**WHAT YOU HAVE TO DO**
The reply is to be an exact repetition of the entries that follow, with each picture left out.

Records from a data collection
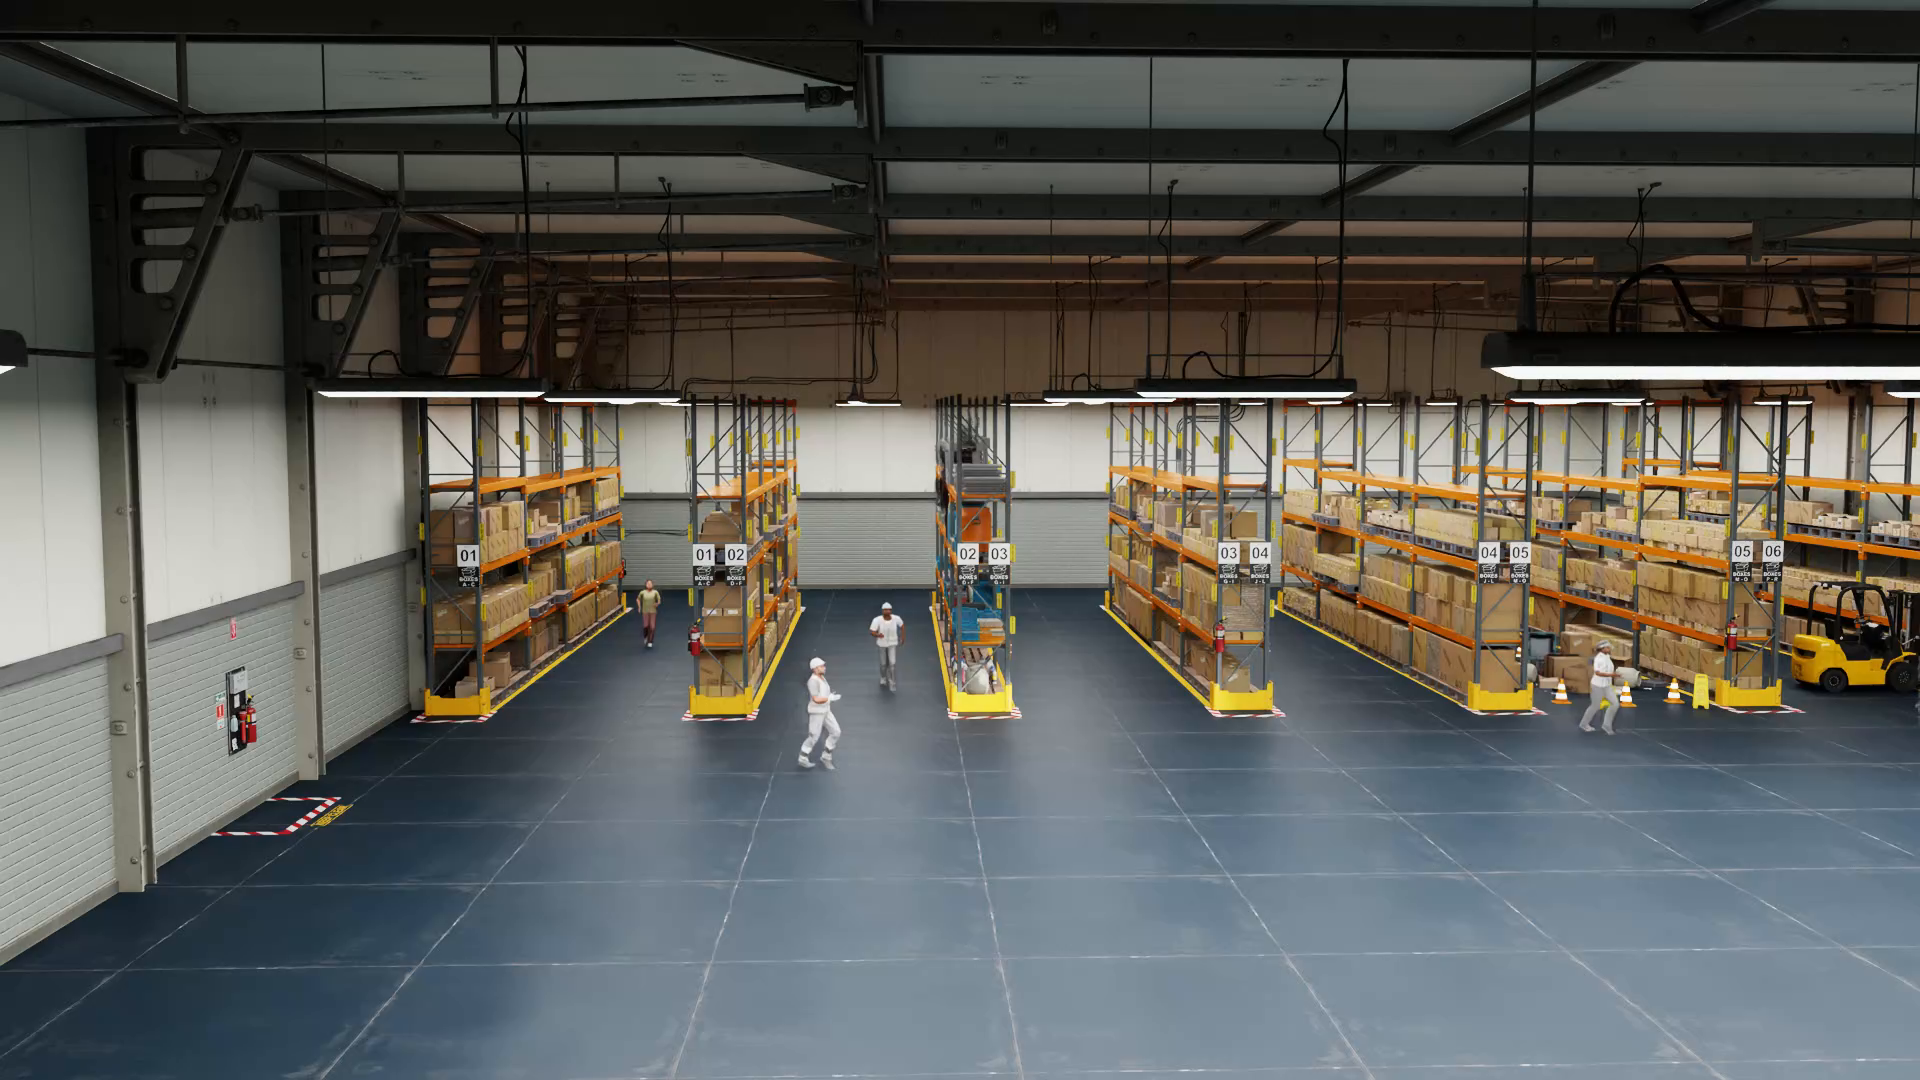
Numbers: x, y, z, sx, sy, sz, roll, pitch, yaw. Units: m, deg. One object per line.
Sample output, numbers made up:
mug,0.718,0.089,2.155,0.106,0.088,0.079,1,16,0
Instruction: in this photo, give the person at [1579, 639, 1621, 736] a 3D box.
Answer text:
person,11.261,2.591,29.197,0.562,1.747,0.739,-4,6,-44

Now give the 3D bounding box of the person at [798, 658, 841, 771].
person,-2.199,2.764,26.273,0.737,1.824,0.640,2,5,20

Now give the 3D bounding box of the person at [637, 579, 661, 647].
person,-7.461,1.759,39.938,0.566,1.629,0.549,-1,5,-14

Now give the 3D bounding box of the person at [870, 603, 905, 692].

**RESPONSE TO THIS TASK**
Numbers: x, y, z, sx, sy, sz, roll, pitch, yaw. Units: m, deg. One object per line.
Sample output, numbers made up:
mug,0.718,0.089,2.155,0.106,0.088,0.079,1,16,0
Instruction: in this photo, give the person at [1579, 639, 1621, 736] a 3D box.
Answer text:
person,11.261,2.591,29.197,0.562,1.747,0.739,-4,6,-44

Now give the 3D bounding box of the person at [798, 658, 841, 771].
person,-2.199,2.764,26.273,0.737,1.824,0.640,2,5,20

Now give the 3D bounding box of the person at [637, 579, 661, 647].
person,-7.461,1.759,39.938,0.566,1.629,0.549,-1,5,-14

Now give the 3D bounding box of the person at [870, 603, 905, 692].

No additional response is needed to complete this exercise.